Tom Jonard's Mind Time Page

We are all familiar with the measurement of time.  Pick any regularly recurring event and count each cycle.  Cycles of the sun and moon were early and easy to count.  To improve the precision select events that recur more quickly like the swing of a pendulum or the quiver of an atom.  So the flow of time is evenly divided into units and mechanically counted for us by devices we can place or carry just about any where.  Indeed the micro-electronics that control so many devices today so depend on this principle that providing a read out of hours and minutes is both cheap and easy.  So it is that it seems almost as if no gadget can be bought that does not also have a clock.

The time we measure is but one form of time.  It is the time of scientists who seek to divide the world into ever smaller pieces to discover its workings.  It is the time of  technology with which we regulate our lives and assure that planes and trains* and we ourselves arrive "on time".  But there is another kind of time.  It is the subjective time of our experience that we have dutifully trained to submit to the regulation of our measurement devices.  Sometimes it seems we have become slave to these devices which were meant to serve us as when we find ourselves resetting all the clocks we own after a power failure.  And in a real sense we have slaved our sense of time to our measurement of it.  As a result we are surprised when that sense asserts itself or when we explore it more closely.

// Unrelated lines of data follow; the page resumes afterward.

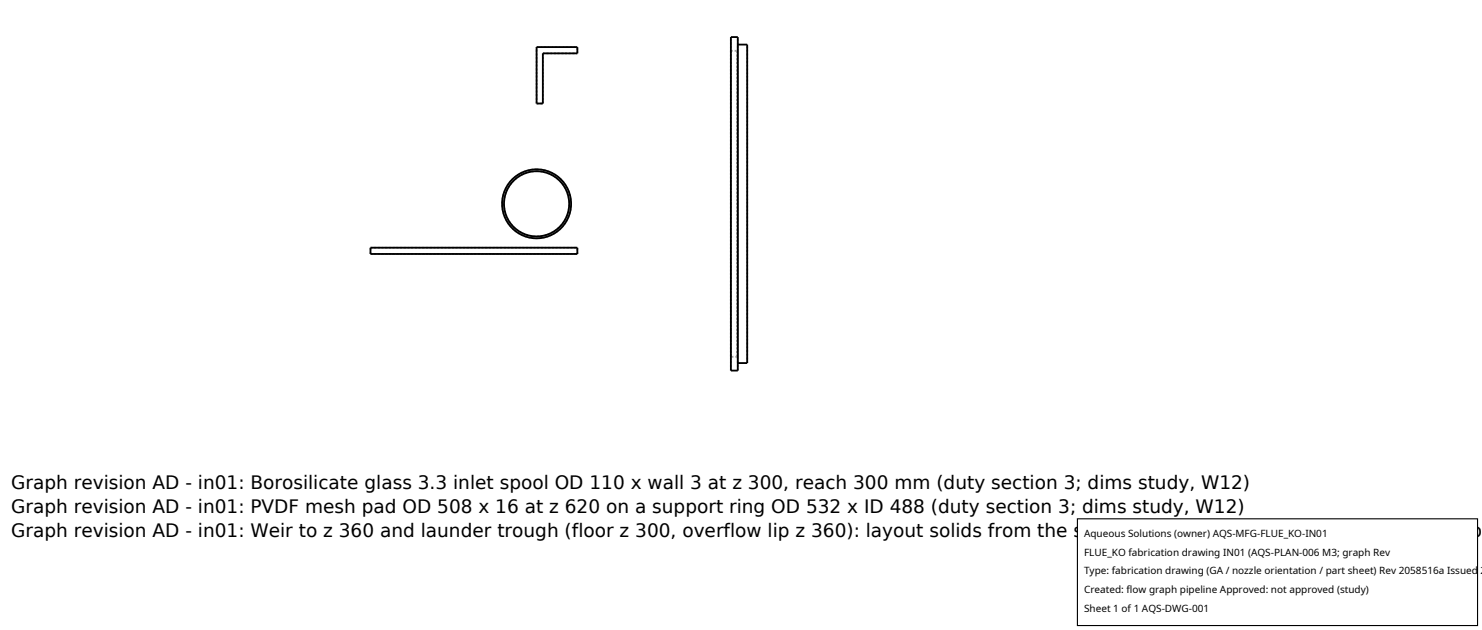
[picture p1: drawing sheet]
<svg xmlns="http://www.w3.org/2000/svg" width="212mm" height="90mm" viewBox="0 0 212 90" stroke-linecap="round" stroke-linejoin="round" font-family="sans-serif">
<defs><g id="words">
<g font-size="2.6">
<text x="1.6" y="69.8">Graph revision AD - in01: Borosilicate glass 3.3 inlet spool OD 110 x wall 3 at z 300, reach 300 mm (duty section 3; dims study, W12)</text>
<text x="1.6" y="73.3">Graph revision AD - in01: PVDF mesh pad OD 508 x 16 at z 620 on a support ring OD 532 x ID 488 (duty section 3; dims study, W12)</text>
<text x="1.6" y="76.7">Graph revision AD - in01: Weir to z 360 and launder trough (floor z 300, overflow lip z 360): layout solids from the separation duty, unsized (duty section 8, ho</text>
</g>
<g font-size="1.4">
<text x="154.8" y="76.6">Aqueous Solutions (owner) AQS-MFG-FLUE_KO-IN01</text>
<text x="154.8" y="79.3">FLUE_KO fabrication drawing IN01 (AQS-PLAN-006 M3; graph Rev</text>
<text x="154.8" y="82">Type: fabrication drawing (GA / nozzle orientation / part sheet) Rev 2058516a Issued 2</text>
<text x="154.8" y="84.7">Created: flow graph pipeline Approved: not approved (study)</text>
<text x="154.8" y="87.4">Sheet 1 of 1 AQS-DWG-001</text>
</g>
</g></defs>
<g fill="none" stroke="#a0a0a0" stroke-width=".26" stroke-dasharray=".3 .3" stroke-linecap="butt">
<path d="M76.6 14.8h.9M76.6 14.8v-8.1M76.6 6.7h5.9M77.5 7.6h5M77.5 14.8v-7.2M82.5 7.6v-.9M104.4 7.3v43.6M104.4 7.3h.9M105.3 7.3v43.6M105.4 6.4v45.4M52.9 36.3h29.6M52.9 35.4h29.6"/>
<path d="M52.9 36.3v-.9M76.6 24.2l1 .1 .9 .3 .8 .4 .8 .6 .6 .7 .5 .9 .3 .9 .1 .9-.1 1-.3 1-.4 .8-.7 .8-.7 .6-.9 .5-.8 .2-1 .1-1-.1-.9-.2-.9-.5-.8-.6-.6-.8-.4-.8-.3-1-.1-.9 .1-1 .3-.9 .4-.8 .6-.7 .8-.7 .8-.4 1-.3 .9-.1M76.6 24.4l1 .1 .8 .3 .8 .4 .7 .6 .6 .7 .4 .8 .3 .8 .1 1-.1 .9-.2 .9-.4 .7-.6 .7-.7 .6-.8 .5-.9 .3-.9 .1-.9-.1-.9-.3-.8-.4-.7-.6-.6-.7-.4-.8-.3-.9-.1-.8 .1-.9 .2-.9 .4-.8 .6-.8 .7-.6 .8-.4 .9-.3 .9-.1M82.5 36.3v-.9M104.4 52.9v-47.6M104.4 50.9v-43.6M105.3 50.9v-43.6M105.3 50.9h-.9M105.4 51.8v-45.4M105.4 52.9v-47.6M106.7 51.8v-45.4"/>
</g>
<g fill="none" stroke="#000" stroke-width=".26">
<path d="M76.6 6.7h5.9v.9h-5v7.2h-.9zM104.4 5.3h1v47.6h-1zM105.4 6.4h1.3v45.4h-1.3M52.9 35.4h29.6v.9h-29.6z"/>
<circle cx="76.6" cy="29.1" r="4.7"/>
<circle cx="76.6" cy="29.1" r="4.9"/>
</g>
<path d="M153.9 74.1h57.1v15.2h-57.1z" fill="#fff" stroke="#000" stroke-width=".16"/>
<use href="#words"/>
</svg>

Our bodies also have clocks although certainly not of the mechanical kind.  All of us are familiar with the highs and lows we experience both through the day and especially for some seasonally.  We are also aware that some of us are "morning" people and some are not.  Careful physiological monitoring reveals variations in response, attention and hormonal levels that parallel this anecdotal evidence of our natural variability.  Nor are these variations dependent solely on external queues like light and temperature.  Subjects isolated in caves display a natural circadian cycle -- albeit of 26 and not 24 hours (probably evidence that this rhythm was set during the evolution of our species when the length of the day was longer).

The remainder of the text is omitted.